Capítulo 3

E até que enfim a conversa acaba

Guilherme! Sim, sim. Ele apareceu do nada, como um fantasma. Eu estava dando graças a Deus porquê né, cá pra nós: um guri que você nunca viu na vida de repente começa a te chamar de namorada. Fala sério! Minha vontade era dar uma voadora nele. Mas, enfim, Gui (que isso vey, olha a intimidade) Guilherme veio me chamar porquê uma das minhas amigas queria falar comigo. Detalhe: ele não falou o nome dessa amiga. 

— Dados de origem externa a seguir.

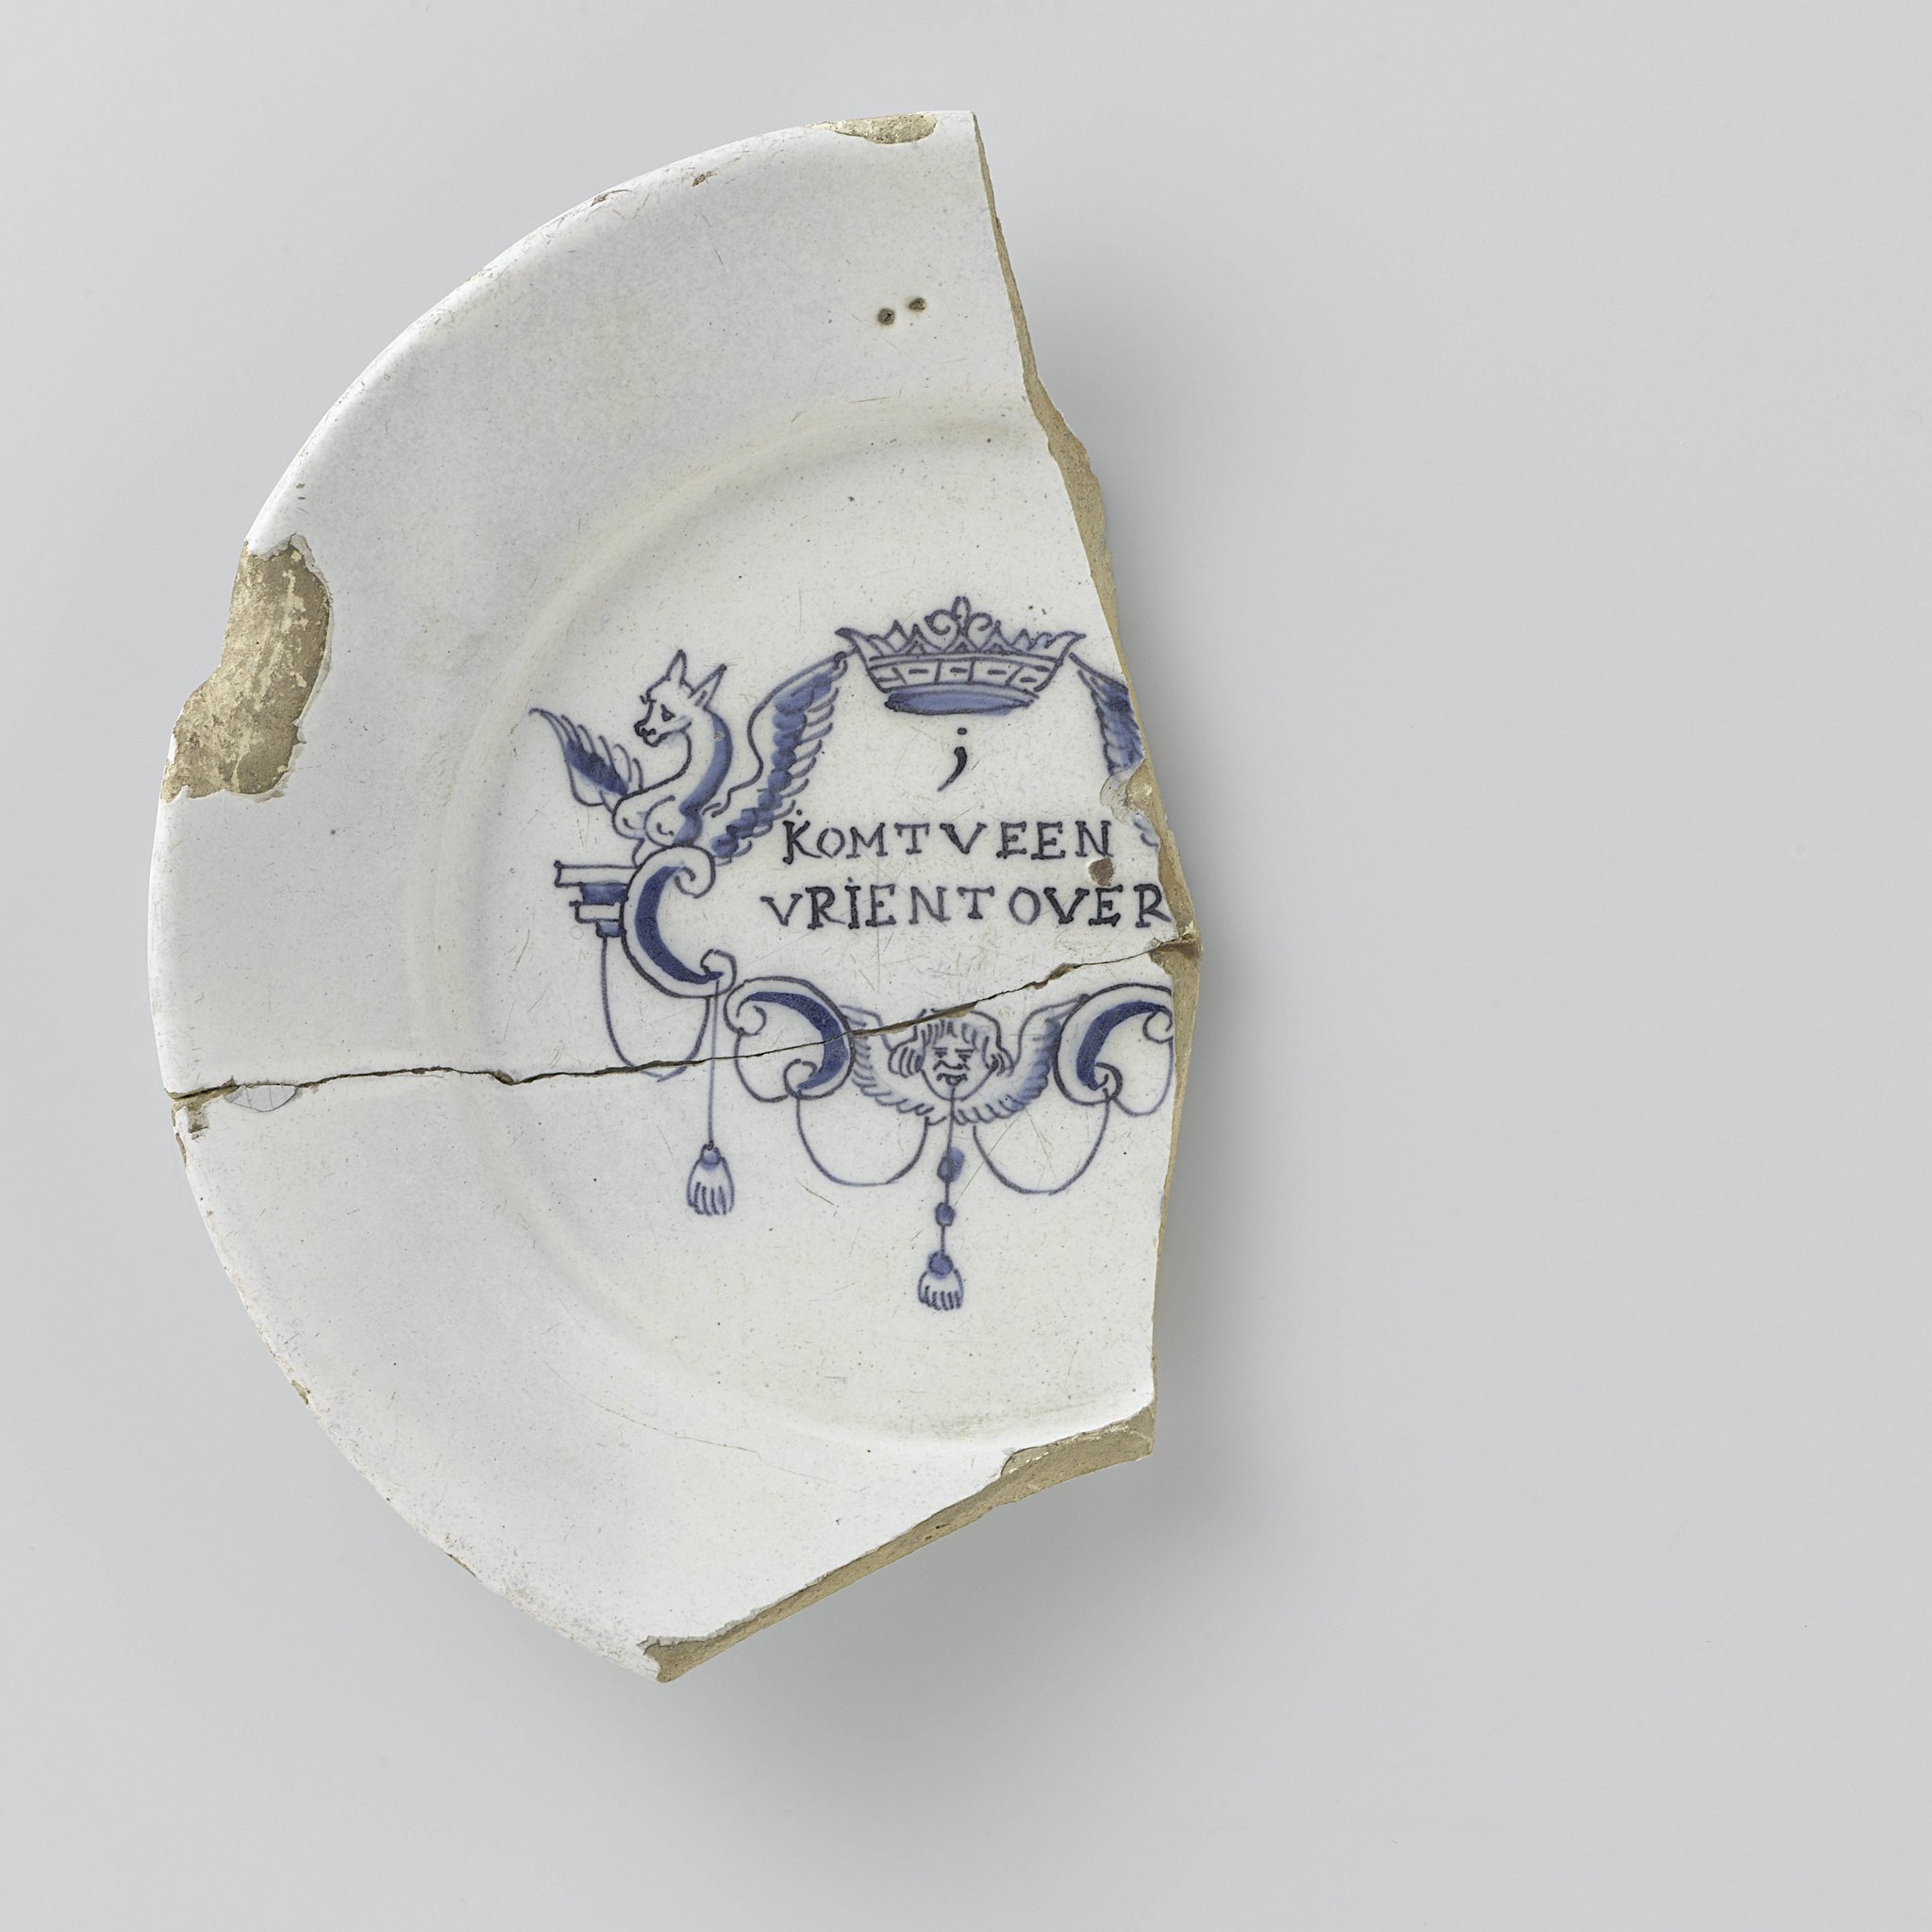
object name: plate dish
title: Fragment van een bord, beschilderd in blauw onder het glazuur met een cartouche, waarin de tekst: i // KOMT V EEN // VRIENT OVER
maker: Anonymous
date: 1600-1650
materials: earthenware, glaze
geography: northern netherlands
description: Fragment van een bord van aardewerk, beschilderd in blauw onder het glazuur met een cartouche, waarin de tekst: i // KOMT V EEN // VRIENT OVER.

Fomos andando. Cara, andamos pra caramba! E nada. Até que reparei que estávamos no meio de uma das duzentas matas da região. Beleza: estou perdida numa mata com o garoto, O-K. Bem lá no miolo da floresta, me deparei com uma menina. Eu não me lembrava de conhecer aquela menina de lugar nenhum então, perguntei seu nome. ADIVINHA:
Karen
Fala sério! Não é possível que eu finalmente estava conhecendo a minha primeira amiga virtual. Ela era muito bonita mesmo. Ao lado dela tinha um menino. Não sei quem. Mas, pelo visto, os dois eram bem próximos. Eu quis logo ir vê-la e saber como ela era de perto. Conversamos bastante. Mas aí, escureceu. Sim, ficou de noite. Ela e o menino iriam ficar no mesmo quarto que todos nós estávamos na noite passada. Guilherme me levou até onde ficava a casa do acampamento. Chegando na porta, fui recebida por "Core". Logo, tratei de perguntar a ele qual era seu nome. Eu precisava saber o seu nome. Ele me jogou um sorriso do tipo: "Não posso falar.". Achei estranho e olhei pra ele feio. Logo ele me disse seu nome. Juro que eu tinha vontade de desmaiar. Comecei logo a pensar mesmo que aquilo tudo era um sonho. Ele  era o guri que eu era apaixonada desde os 10 anos. Sim, estávamos ali com 16/17 anos e namorando. Eu não contive o sorriso! 
Amora, fala sério. Você jura que não se lembrava de mim?
Eu disse que sim.
Tudo bem.
Então, fomos jantar e ir ao bendito quarto dormir. Chegando lá, comecei a conversar com Guilherme. Dessa vez eu estava na cama dele sentada. Todos do quarto já havia dormido. Aí, perguntei ele sobre tudo que estava acontecendo. Aí ele falou:
Às vezes nós dois nos comunicamos por sonhos. Acredite ou não, Amora: isso tudo é um sonho. Um sonho meu e seu. Não sei se é uma prévia do nosso futuro. Mas tenho certeza de que é um sonho.
Eu fiquei boba. Então, logo perguntei ele se ele sabe o por que de estarmos sonhando com isso.
Eu preciso te ver. Eu preciso de você. Esse sonho é para eu me desculpar. Me desculpar por tudo. Inclusive, por aquele beijo. Você me desculpa?
Eu respondi que nem sabia do que ele estava falando. Mas aí ele começou a contar e eu me lembrei. Não por intencional mas, foi a reação do meu cérebro: me afastei dele. Nisso, uma lágrima caiu de seu rosto e, pela primeira vez eu senti meu coração se despedaçar em 1000 pedaços. Pedi desculpa por ter arredado e logo me agarrei a um abraço dele.
Obrigada, Amorah. Mas, você me desculpa? Por favor, me desculpe por aquilo. Eu tenho certeza de que tenho que lhe pedir desculpas neste sonho. Assim, fora do sonho, poderei lhe dizer o que quero.
Eu disse que desculpava e o abracei mais forte. Logo depois, acordei.